Prompt →
The entries below contain a line with "from ezdxf.enums import" and a line with "doc.units = ezdxf.units.MM". Quote exactly those two lines and all lines between them.

Material provided →
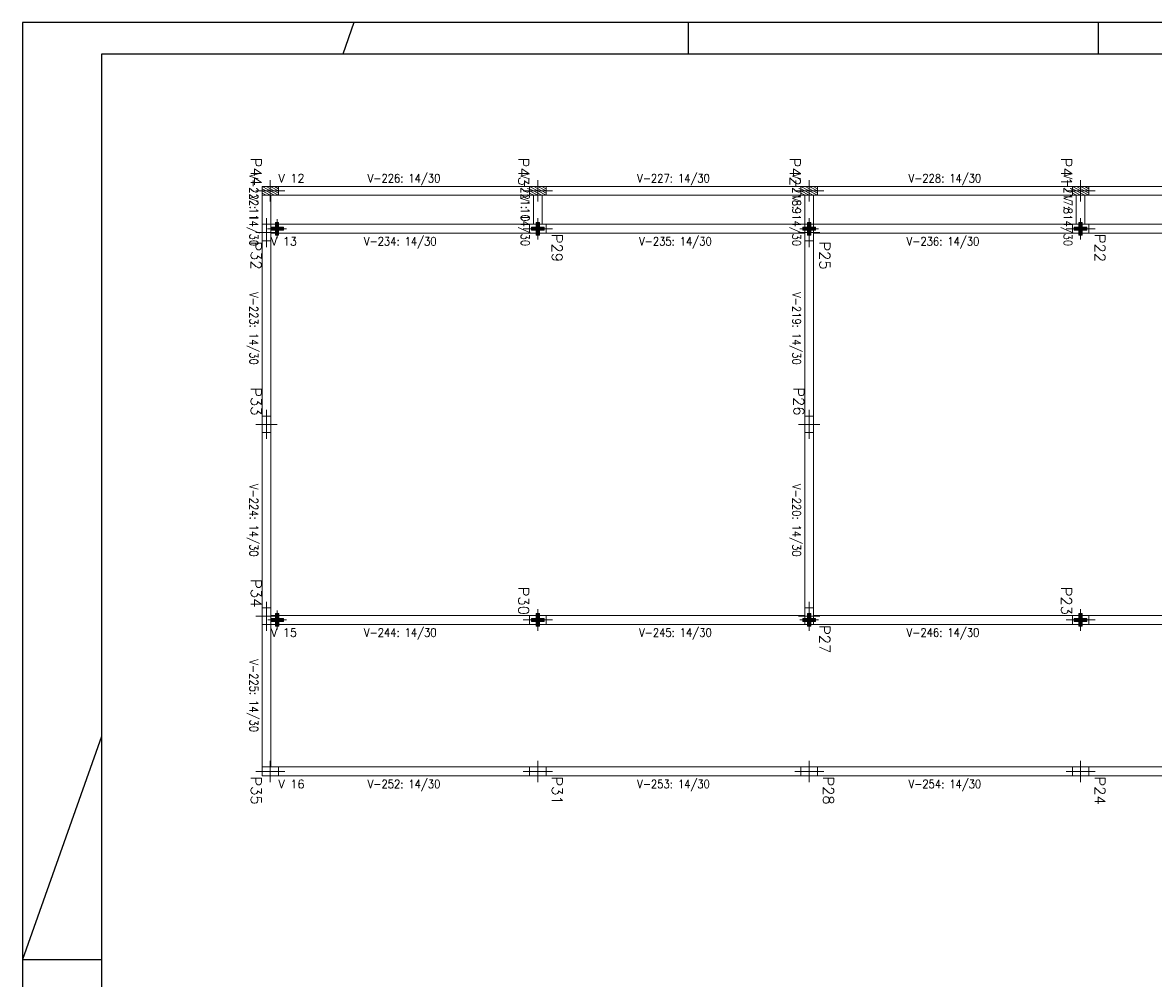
# Model space of a CAD drawing. Header units: millimetres. Extents: x -80 to 444, y 0 to 170.
# Tile 75 of 133: x 180 to 216, y 29 to 59. Entities that reach past the tile are written whole.
import ezdxf
from ezdxf.enums import TextEntityAlignment as Align

# ---------------------------------------------------------------- set-up
doc = ezdxf.new("R2010")
doc.units = ezdxf.units.MM
for name, color, linetype, lineweight in [('E3D_CONEXIONES_COBERTURA', 131, 'Continuous', 0), ('PILAR_EIXOS', 1, 'Continuous', 0), ('PILAR_HACH', 4, 'Continuous', 0), ('PILAR_REF', 3, 'Continuous', 15), ('PILAR_RET', 2, 'Continuous', 9), ('VIG_DIM_VIGAS', 3, 'Continuous', 15), ('VIG_FACES', 5, 'Continuous', 9), ('VIG_REF_VIGAS', 3, 'Continuous', 0)]:
    doc.layers.add(name, color=color, linetype=linetype, lineweight=lineweight)
doc.styles.add('CYPETXT', font='romans', dxfattribs={"height": 0.2})

# ---------------------------------------------------------------- blocks, each defined once
blk = doc.blocks.new('EIXOS_DO_PILAR')
at = {"layer": 'PILAR_EIXOS'}
for p, q in [((0, -0.5), (0, 0.5)), ((-0.5, 0), (0.5, 0))]:
    blk.add_line(p, q, dxfattribs=at)
blk = doc.blocks.new('106418156-RAYADO_P41')
at = {"layer": 'PILAR_HACH'}
for p, q in [((-0.0014, -0.0026), (0.0014, 0.0026)), ((-0.0014, -0.0013), (0.0007, 0.0026)), ((-0.0014, 0), (0, 0.0026)), ((-0.0014, 0.0013), (-0.0007, 0.0026)), ((-0.0007, -0.0026), (0.0014, 0.0013)), ((0, -0.0026), (0.0014, 0)), ((0.0007, -0.0026), (0.0014, -0.0013))]:
    blk.add_line(p, q, dxfattribs=at)
blk = doc.blocks.new('106418156-RAYADO_P42')
at = {"layer": 'PILAR_HACH'}
for p, q in [((-0.0014, -0.0026), (0.0014, 0.0026)), ((-0.0014, -0.0013), (0.0007, 0.0026)), ((-0.0014, 0), (0, 0.0026)), ((-0.0014, 0.0013), (-0.0007, 0.0026)), ((-0.0007, -0.0026), (0.0014, 0.0013)), ((0, -0.0026), (0.0014, 0)), ((0.0007, -0.0026), (0.0014, -0.0013))]:
    blk.add_line(p, q, dxfattribs=at)
blk = doc.blocks.new('106418156-RAYADO_P43')
at = {"layer": 'PILAR_HACH'}
for p, q in [((-0.0014, -0.0026), (0.0014, 0.0026)), ((-0.0014, -0.0013), (0.0007, 0.0026)), ((-0.0014, 0), (0, 0.0026)), ((-0.0014, 0.0013), (-0.0007, 0.0026)), ((-0.0007, -0.0026), (0.0014, 0.0013)), ((0, -0.0026), (0.0014, 0)), ((0.0007, -0.0026), (0.0014, -0.0013))]:
    blk.add_line(p, q, dxfattribs=at)
blk = doc.blocks.new('106418156-RAYADO_P44')
at = {"layer": 'PILAR_HACH'}
for p, q in [((-0.0014, -0.0026), (0.0014, 0.0026)), ((-0.0014, -0.0013), (0.0007, 0.0026)), ((-0.0014, 0), (0, 0.0026)), ((-0.0014, 0.0013), (-0.0007, 0.0026)), ((-0.0007, -0.0026), (0.0014, 0.0013)), ((0, -0.0026), (0.0014, 0)), ((0.0007, -0.0026), (0.0014, -0.0013))]:
    blk.add_line(p, q, dxfattribs=at)

msp = doc.modelspace()

# ---------------------------------------------------------------- hatches: boundary and pattern name
at = {"layer": 'E3D_CONEXIONES_COBERTURA'}
for points in [[(188.0637, 52.8663), (187.8637, 52.9163), (187.8637, 52.8163), (188.0137, 52.8163), (188.0137, 52.6663), (188.1137, 52.6663), (188.1137, 52.8163), (188.2637, 52.8163), (188.2637, 52.9163), (188.1137, 52.9163), (188.1137, 53.0663), (188.0137, 53.0663), (188.0137, 52.9163), (187.8637, 52.9163)], [(196.3271, 52.8663), (196.1271, 52.9163), (196.1271, 52.8163), (196.2771, 52.8163), (196.2771, 52.6663), (196.3771, 52.6663), (196.3771, 52.8163), (196.5271, 52.8163), (196.5271, 52.9163), (196.3771, 52.9163), (196.3771, 53.0663), (196.2771, 53.0663), (196.2771, 52.9163), (196.1271, 52.9163)], [(204.9271, 52.8663), (204.7271, 52.9163), (204.7271, 52.8163), (204.8771, 52.8163), (204.8771, 52.6663), (204.9771, 52.6663), (204.9771, 52.8163), (205.1271, 52.8163), (205.1271, 52.9163), (204.9771, 52.9163), (204.9771, 53.0663), (204.8771, 53.0663), (204.8771, 52.9163), (204.7271, 52.9163)], [(213.5271, 52.8663), (213.3271, 52.9163), (213.3271, 52.8163), (213.4771, 52.8163), (213.4771, 52.6663), (213.5771, 52.6663), (213.5771, 52.8163), (213.7271, 52.8163), (213.7271, 52.9163), (213.5771, 52.9163), (213.5771, 53.0663), (213.4771, 53.0663), (213.4771, 52.9163), (213.3271, 52.9163)], [(188.0669, 40.4663), (187.8669, 40.5163), (187.8669, 40.4163), (188.0169, 40.4163), (188.0169, 40.2663), (188.1169, 40.2663), (188.1169, 40.4163), (188.2669, 40.4163), (188.2669, 40.5163), (188.1169, 40.5163), (188.1169, 40.6663), (188.0169, 40.6663), (188.0169, 40.5163), (187.8669, 40.5163)], [(196.3271, 40.4663), (196.1271, 40.5163), (196.1271, 40.4163), (196.2771, 40.4163), (196.2771, 40.2663), (196.3771, 40.2663), (196.3771, 40.4163), (196.5271, 40.4163), (196.5271, 40.5163), (196.3771, 40.5163), (196.3771, 40.6663), (196.2771, 40.6663), (196.2771, 40.5163), (196.1271, 40.5163)], [(204.9271, 40.4663), (204.7271, 40.5163), (204.7271, 40.4163), (204.8771, 40.4163), (204.8771, 40.2663), (204.9771, 40.2663), (204.9771, 40.4163), (205.1271, 40.4163), (205.1271, 40.5163), (204.9771, 40.5163), (204.9771, 40.6663), (204.8771, 40.6663), (204.8771, 40.5163), (204.7271, 40.5163)], [(213.5271, 40.4663), (213.3271, 40.5163), (213.3271, 40.4163), (213.4771, 40.4163), (213.4771, 40.2663), (213.5771, 40.2663), (213.5771, 40.4163), (213.7271, 40.4163), (213.7271, 40.5163), (213.5771, 40.5163), (213.5771, 40.6663), (213.4771, 40.6663), (213.4771, 40.5163), (213.3271, 40.5163)]]:
    msp.add_hatch(color=256, dxfattribs=at).paths.add_polyline_path(points)

# ---------------------------------------------------------------- linework, layer by layer
at = {"color": 1}
for p, q in [((190.5, 59.4), (190.1465, 58.4)), ((201.1, 58.4), (201.1, 59.4)), ((214.1, 58.4), (214.1, 59.4)), ((182.5, 36.7714), (180, 29.7)), ((180, 29.7), (182.5, 29.7))]:
    msp.add_line(p, q, dxfattribs=at)
at = {"color": 2}
msp.add_lwpolyline([(180, 59.4), (180, 0), (264.1, 0), (264.1, 59.4)], close=True, dxfattribs=at)
at = {"color": 6}
msp.add_lwpolyline([(182.5, 58.4), (182.5, 1), (263.1, 1), (263.1, 58.4)], close=True, dxfattribs=at)
at = {"layer": 'E3D_CONEXIONES_COBERTURA'}
for p, q in [((188.0637, 53.0663), (188.0637, 53.1663)), ((196.3271, 53.0663), (196.3271, 53.1663)), ((204.9271, 53.0663), (204.9271, 53.1663)), ((213.5271, 53.0663), (213.5271, 53.1663)), ((187.8637, 52.8663), (187.7637, 52.8663)), ((188.3637, 52.8663), (188.2637, 52.8663)), ((196.1271, 52.8663), (196.0271, 52.8663)), ((196.6271, 52.8663), (196.5271, 52.8663)), ((204.7271, 52.8663), (204.6271, 52.8663)), ((205.2271, 52.8663), (205.1271, 52.8663)), ((213.3271, 52.8663), (213.2271, 52.8663)), ((213.8271, 52.8663), (213.7271, 52.8663)), ((188.0637, 52.5663), (188.0637, 52.6663)), ((196.3271, 52.5663), (196.3271, 52.6663)), ((204.9271, 52.5663), (204.9271, 52.6663)), ((213.5271, 52.5663), (213.5271, 52.6663)), ((188.0669, 40.6663), (188.0669, 40.7663)), ((196.3271, 40.6663), (196.3271, 40.7663)), ((204.9271, 40.6663), (204.9271, 40.7663)), ((213.5271, 40.6663), (213.5271, 40.7663)), ((187.8669, 40.4663), (187.7669, 40.4663)), ((188.0669, 40.1663), (188.0669, 40.2663)), ((188.3669, 40.4663), (188.2669, 40.4663)), ((196.1271, 40.4663), (196.0271, 40.4663)), ((196.3271, 40.1663), (196.3271, 40.2663)), ((196.6271, 40.4663), (196.5271, 40.4663)), ((204.7271, 40.4663), (204.6271, 40.4663)), ((204.9271, 40.1663), (204.9271, 40.2663)), ((205.2271, 40.4663), (205.1271, 40.4663)), ((213.3271, 40.4663), (213.2271, 40.4663)), ((213.5271, 40.1663), (213.5271, 40.2663)), ((213.8271, 40.4663), (213.7271, 40.4663))]:
    msp.add_line(p, q, dxfattribs=at)
for points in [[(188.0637, 52.8663), (187.8637, 52.9163), (187.8637, 52.8163), (188.0137, 52.8163), (188.0137, 52.6663), (188.1137, 52.6663), (188.1137, 52.8163), (188.2637, 52.8163), (188.2637, 52.9163), (188.1137, 52.9163), (188.1137, 53.0663), (188.0137, 53.0663), (188.0137, 52.9163), (187.8637, 52.9163)], [(196.3271, 52.8663), (196.1271, 52.9163), (196.1271, 52.8163), (196.2771, 52.8163), (196.2771, 52.6663), (196.3771, 52.6663), (196.3771, 52.8163), (196.5271, 52.8163), (196.5271, 52.9163), (196.3771, 52.9163), (196.3771, 53.0663), (196.2771, 53.0663), (196.2771, 52.9163), (196.1271, 52.9163)], [(204.9271, 52.8663), (204.7271, 52.9163), (204.7271, 52.8163), (204.8771, 52.8163), (204.8771, 52.6663), (204.9771, 52.6663), (204.9771, 52.8163), (205.1271, 52.8163), (205.1271, 52.9163), (204.9771, 52.9163), (204.9771, 53.0663), (204.8771, 53.0663), (204.8771, 52.9163), (204.7271, 52.9163)], [(213.5271, 52.8663), (213.3271, 52.9163), (213.3271, 52.8163), (213.4771, 52.8163), (213.4771, 52.6663), (213.5771, 52.6663), (213.5771, 52.8163), (213.7271, 52.8163), (213.7271, 52.9163), (213.5771, 52.9163), (213.5771, 53.0663), (213.4771, 53.0663), (213.4771, 52.9163), (213.3271, 52.9163)], [(188.0669, 40.4663), (187.8669, 40.5163), (187.8669, 40.4163), (188.0169, 40.4163), (188.0169, 40.2663), (188.1169, 40.2663), (188.1169, 40.4163), (188.2669, 40.4163), (188.2669, 40.5163), (188.1169, 40.5163), (188.1169, 40.6663), (188.0169, 40.6663), (188.0169, 40.5163), (187.8669, 40.5163)], [(196.3271, 40.4663), (196.1271, 40.5163), (196.1271, 40.4163), (196.2771, 40.4163), (196.2771, 40.2663), (196.3771, 40.2663), (196.3771, 40.4163), (196.5271, 40.4163), (196.5271, 40.5163), (196.3771, 40.5163), (196.3771, 40.6663), (196.2771, 40.6663), (196.2771, 40.5163), (196.1271, 40.5163)], [(204.9271, 40.4663), (204.7271, 40.5163), (204.7271, 40.4163), (204.8771, 40.4163), (204.8771, 40.2663), (204.9771, 40.2663), (204.9771, 40.4163), (205.1271, 40.4163), (205.1271, 40.5163), (204.9771, 40.5163), (204.9771, 40.6663), (204.8771, 40.6663), (204.8771, 40.5163), (204.7271, 40.5163)], [(213.5271, 40.4663), (213.3271, 40.5163), (213.3271, 40.4163), (213.4771, 40.4163), (213.4771, 40.2663), (213.5771, 40.2663), (213.5771, 40.4163), (213.7271, 40.4163), (213.7271, 40.5163), (213.5771, 40.5163), (213.5771, 40.6663), (213.4771, 40.6663), (213.4771, 40.5163), (213.3271, 40.5163)]]:
    msp.add_lwpolyline(points, close=True, dxfattribs=at)
at = {"layer": 'PILAR_RET'}
for points in [[(187.5871, 54.2063), (187.5871, 53.9263), (188.1071, 53.9263), (188.1071, 54.2063), (187.5871, 54.2063)], [(196.0671, 54.2063), (196.0671, 53.9263), (196.5871, 53.9263), (196.5871, 54.2063), (196.0671, 54.2063)], [(204.6671, 54.2063), (204.6671, 53.9263), (205.1871, 53.9263), (205.1871, 54.2063), (204.6671, 54.2063)], [(213.2671, 54.2063), (213.2671, 53.9263), (213.7871, 53.9263), (213.7871, 54.2063), (213.2671, 54.2063)], [(187.5871, 53.0063), (187.5871, 52.4863), (187.8671, 52.4863), (187.8671, 53.0063), (187.5871, 53.0063)], [(196.0671, 53.0063), (196.0671, 52.7263), (196.5871, 52.7263), (196.5871, 53.0063), (196.0671, 53.0063)], [(204.7871, 53.0063), (204.7871, 52.4863), (205.0671, 52.4863), (205.0671, 53.0063), (204.7871, 53.0063)], [(213.2671, 53.0063), (213.2671, 52.7263), (213.7871, 52.7263), (213.7871, 53.0063), (213.2671, 53.0063)], [(187.5871, 46.9263), (187.5871, 46.4063), (187.8671, 46.4063), (187.8671, 46.9263), (187.5871, 46.9263)], [(204.7871, 46.9263), (204.7871, 46.4063), (205.0671, 46.4063), (205.0671, 46.9263), (204.7871, 46.9263)], [(187.5871, 40.8463), (187.5871, 40.3263), (187.8671, 40.3263), (187.8671, 40.8463), (187.5871, 40.8463)], [(196.0671, 40.6063), (196.0671, 40.3263), (196.5871, 40.3263), (196.5871, 40.6063), (196.0671, 40.6063)], [(204.7871, 40.8463), (204.7871, 40.3263), (205.0671, 40.3263), (205.0671, 40.8463), (204.7871, 40.8463)], [(213.2671, 40.6063), (213.2671, 40.3263), (213.7871, 40.3263), (213.7871, 40.6063), (213.2671, 40.6063)], [(187.5871, 35.8063), (187.5871, 35.5263), (188.1071, 35.5263), (188.1071, 35.8063), (187.5871, 35.8063)], [(196.0671, 35.8063), (196.0671, 35.5263), (196.5871, 35.5263), (196.5871, 35.8063), (196.0671, 35.8063)], [(204.6671, 35.8063), (204.6671, 35.5263), (205.1871, 35.5263), (205.1871, 35.8063), (204.6671, 35.8063)], [(213.2671, 35.8063), (213.2671, 35.5263), (213.7871, 35.5263), (213.7871, 35.8063), (213.2671, 35.8063)]]:
    msp.add_lwpolyline(points, close=True, dxfattribs=at)
at = {"layer": 'VIG_FACES'}
for p, q in [((188.1071, 54.2063), (196.0671, 54.2063)), ((196.5871, 54.2063), (204.6671, 54.2063)), ((205.1871, 54.2063), (213.2671, 54.2063)), ((213.7871, 54.2063), (221.8671, 54.2063)), ((187.5871, 53.9263), (187.5871, 53.0063)), ((187.8671, 53.9263), (187.8671, 53.0063)), ((188.1071, 53.9263), (196.0671, 53.9263)), ((196.1871, 53.9263), (196.1871, 53.0063)), ((196.4671, 53.9263), (196.4671, 53.0063)), ((196.5871, 53.9263), (204.6671, 53.9263)), ((204.7871, 53.9263), (204.7871, 53.0063)), ((205.0671, 53.9263), (205.0671, 53.0063)), ((205.1871, 53.9263), (213.2671, 53.9263)), ((213.3871, 53.9263), (213.3871, 53.0063)), ((213.6671, 53.9263), (213.6671, 53.0063)), ((213.7871, 53.9263), (221.8671, 53.9263)), ((187.8671, 53.0063), (196.0671, 53.0063)), ((187.8671, 52.7263), (196.0671, 52.7263)), ((196.5871, 53.0063), (204.7871, 53.0063)), ((196.5871, 52.7263), (204.7871, 52.7263)), ((205.0671, 53.0063), (213.2671, 53.0063)), ((205.0671, 52.7263), (213.2671, 52.7263)), ((213.7871, 53.0063), (221.9871, 53.0063)), ((213.7871, 52.7263), (221.9871, 52.7263)), ((187.5871, 52.4863), (187.5871, 46.9263)), ((187.8671, 52.4863), (187.8671, 46.9263)), ((204.7871, 52.4863), (204.7871, 46.9263)), ((205.0671, 52.4863), (205.0671, 46.9263)), ((187.5871, 46.4063), (187.5871, 40.8463)), ((187.8671, 46.4063), (187.8671, 40.8463)), ((204.7871, 46.4063), (204.7871, 40.8463)), ((205.0671, 46.4063), (205.0671, 40.8463)), ((187.8671, 40.6063), (196.0671, 40.6063)), ((196.5871, 40.6063), (204.7871, 40.6063)), ((205.0671, 40.6063), (213.2671, 40.6063)), ((213.7871, 40.6063), (221.9871, 40.6063)), ((187.5871, 40.3263), (187.5871, 35.8063)), ((187.8671, 40.3263), (187.8671, 35.8063)), ((187.8671, 40.3263), (196.0671, 40.3263)), ((196.5871, 40.3263), (204.7871, 40.3263)), ((205.0671, 40.3263), (213.2671, 40.3263)), ((213.7871, 40.3263), (221.9871, 40.3263)), ((188.1071, 35.8063), (196.0671, 35.8063)), ((188.1071, 35.5263), (196.0671, 35.5263)), ((196.5871, 35.8063), (204.6671, 35.8063)), ((196.5871, 35.5263), (204.6671, 35.5263)), ((205.1871, 35.8063), (213.2671, 35.8063)), ((205.1871, 35.5263), (213.2671, 35.5263)), ((213.7871, 35.8063), (221.8671, 35.8063)), ((213.7871, 35.5263), (221.8671, 35.5263))]:
    msp.add_line(p, q, dxfattribs=at)

# ---------------------------------------------------------------- block references
at = {"layer": 'PILAR_EIXOS', "zscale": 2, "rotation": 270}
for p, xscale, yscale in [((187.8471, 54.0663), 0.68, 0.92), ((196.3271, 54.0663), 0.68, 0.92), ((204.9271, 54.0663), 0.68, 0.92), ((213.5271, 54.0663), 0.68, 0.92), ((187.7271, 52.7463), 0.92, 0.68), ((196.3271, 52.8663), 0.68, 0.92), ((204.9271, 52.7463), 0.92, 0.68), ((213.5271, 52.8663), 0.68, 0.92), ((187.7271, 46.6663), 0.92, 0.68), ((204.9271, 46.6663), 0.92, 0.68), ((187.7271, 40.5863), 0.92, 0.68), ((204.9271, 40.5863), 0.92, 0.68), ((196.3271, 40.4663), 0.68, 0.92), ((213.5271, 40.4663), 0.68, 0.92), ((187.8471, 35.6663), 0.68, 0.92), ((196.3271, 35.6663), 0.68, 0.92), ((204.9271, 35.6663), 0.68, 0.92), ((213.5271, 35.6663), 0.68, 0.92)]:
    msp.add_blockref('EIXOS_DO_PILAR', p, dxfattribs=dict(at, xscale=xscale, yscale=yscale))
at = {"layer": 'PILAR_HACH', "xscale": 100, "yscale": 100, "zscale": 100, "rotation": 270}
for name, p in [('106418156-RAYADO_P44', (187.8471, 54.0663)), ('106418156-RAYADO_P43', (196.3271, 54.0663)), ('106418156-RAYADO_P42', (204.9271, 54.0663)), ('106418156-RAYADO_P41', (213.5271, 54.0663))]:
    msp.add_blockref(name, p, dxfattribs=at)

# ---------------------------------------------------------------- texts
at = {"layer": 'PILAR_REF', "style": 'CYPETXT'}
for s, width, p, p2 in [('P44', 0.955678, (187.2338, 55.1213), (187.2338, 54.2263)), ('P43', 0.972155, (195.7138, 55.1213), (195.7138, 54.2263)), ('P42', 0.972155, (204.3138, 55.1213), (204.3138, 54.2263)), ('P41', 1.084327, (212.9138, 55.1213), (212.9138, 54.2263)), ('P32', 0.972155, (187.2338, 52.4663), (187.2338, 51.5713)), ('P29', 0.989211, (196.7738, 52.7063), (196.7738, 51.8113)), ('P25', 0.972155, (205.2538, 52.4663), (205.2538, 51.5713)), ('P22', 0.972155, (213.9738, 52.7063), (213.9738, 51.8113)), ('P33', 0.972155, (187.2338, 47.8413), (187.2338, 46.9463)), ('P26', 0.972155, (204.4338, 47.8413), (204.4338, 46.9463)), ('P34', 0.955678, (187.2338, 41.7613), (187.2338, 40.8663)), ('P30', 0.972155, (195.7138, 41.5213), (195.7138, 40.6263)), ('P23', 0.972155, (212.9138, 41.5213), (212.9138, 40.6263)), ('P27', 0.972155, (205.2538, 40.3063), (205.2538, 39.4113)), ('P35', 0.972155, (187.2338, 35.5063), (187.2338, 34.6113)), ('P31', 1.084327, (196.7738, 35.5063), (196.7738, 34.6113)), ('P28', 0.972155, (205.3738, 35.5063), (205.3738, 34.6113)), ('P24', 0.955678, (213.9738, 35.5063), (213.9738, 34.6113))]:
    msp.add_text(s, height=0.33333, rotation=270, dxfattribs=dict(at, width=width)).set_placement(p, p2, align=Align.FIT)
at = {"layer": 'VIG_DIM_VIGAS', "style": 'CYPETXT', "width": 0.775385}
for s, p, p2 in [('V-222: 14/30', (187.1938, 54.6183), (187.1938, 52.3143)), ('V-221: 14/30', (195.7938, 54.6183), (195.7938, 52.3143)), ('V-218: 14/30', (204.3938, 54.6183), (204.3938, 52.3143)), ('V-217: 14/30', (212.9938, 54.6183), (212.9938, 52.3143)), ('V-223: 14/30', (187.1938, 50.8583), (187.1938, 48.5543)), ('V-219: 14/30', (204.3938, 50.8583), (204.3938, 48.5543)), ('V-224: 14/30', (187.1938, 44.7783), (187.1938, 42.4743)), ('V-220: 14/30', (204.3938, 44.7783), (204.3938, 42.4743)), ('V-225: 14/30', (187.1938, 39.2183), (187.1938, 36.9143))]:
    msp.add_text(s, height=0.266667, rotation=270, dxfattribs=at).set_placement(p, p2, align=Align.FIT)
for s, p, p2 in [('V-226: 14/30', (190.9351, 54.333), (193.2391, 54.333)), ('V-227: 14/30', (199.4751, 54.333), (201.7791, 54.333)), ('V-228: 14/30', (208.0751, 54.333), (210.3791, 54.333)), ('V-234: 14/30', (190.8151, 52.333), (193.1191, 52.333)), ('V-235: 14/30', (199.5351, 52.333), (201.8391, 52.333)), ('V-236: 14/30', (208.0151, 52.333), (210.3191, 52.333)), ('V-244: 14/30', (190.8151, 39.933), (193.1191, 39.933)), ('V-245: 14/30', (199.5351, 39.933), (201.8391, 39.933)), ('V-246: 14/30', (208.0151, 39.933), (210.3191, 39.933)), ('V-252: 14/30', (190.9351, 35.133), (193.2391, 35.133)), ('V-253: 14/30', (199.4751, 35.133), (201.7791, 35.133)), ('V-254: 14/30', (208.0751, 35.133), (210.3791, 35.133))]:
    msp.add_text(s, height=0.266667, dxfattribs=at).set_placement(p, p2, align=Align.FIT)
at = {"layer": 'VIG_REF_VIGAS', "style": 'CYPETXT', "width": 0.857961}
for s, p, p2 in [('V 12', (188.1071, 54.333), (188.9351, 54.333)), ('V 13', (187.8671, 52.333), (188.6951, 52.333)), ('V 15', (187.8671, 39.933), (188.6951, 39.933)), ('V 16', (188.1071, 35.133), (188.9351, 35.133))]:
    msp.add_text(s, height=0.26667, dxfattribs=at).set_placement(p, p2, align=Align.FIT)
at = {"layer": 'VIG_REF_VIGAS', "style": 'CYPETXT'}
for s, width, p, p2 in [('V 11', 0.9315, (187.1938, 53.9263), (187.1938, 53.0983)), ('V 10', 0.857961, (195.7938, 53.9263), (195.7938, 53.0983)), ('V 9', 0.864818, (204.3938, 53.9263), (204.3938, 53.3223)), ('V 8', 0.849375, (212.9938, 53.9263), (212.9938, 53.3223))]:
    msp.add_text(s, height=0.26667, rotation=270, dxfattribs=dict(at, width=width)).set_placement(p, p2, align=Align.FIT)

doc.saveas('drawing.dxf')

Expected answer →
from ezdxf.enums import TextEntityAlignment as Align

# ---------------------------------------------------------------- set-up
doc = ezdxf.new("R2010")
doc.units = ezdxf.units.MM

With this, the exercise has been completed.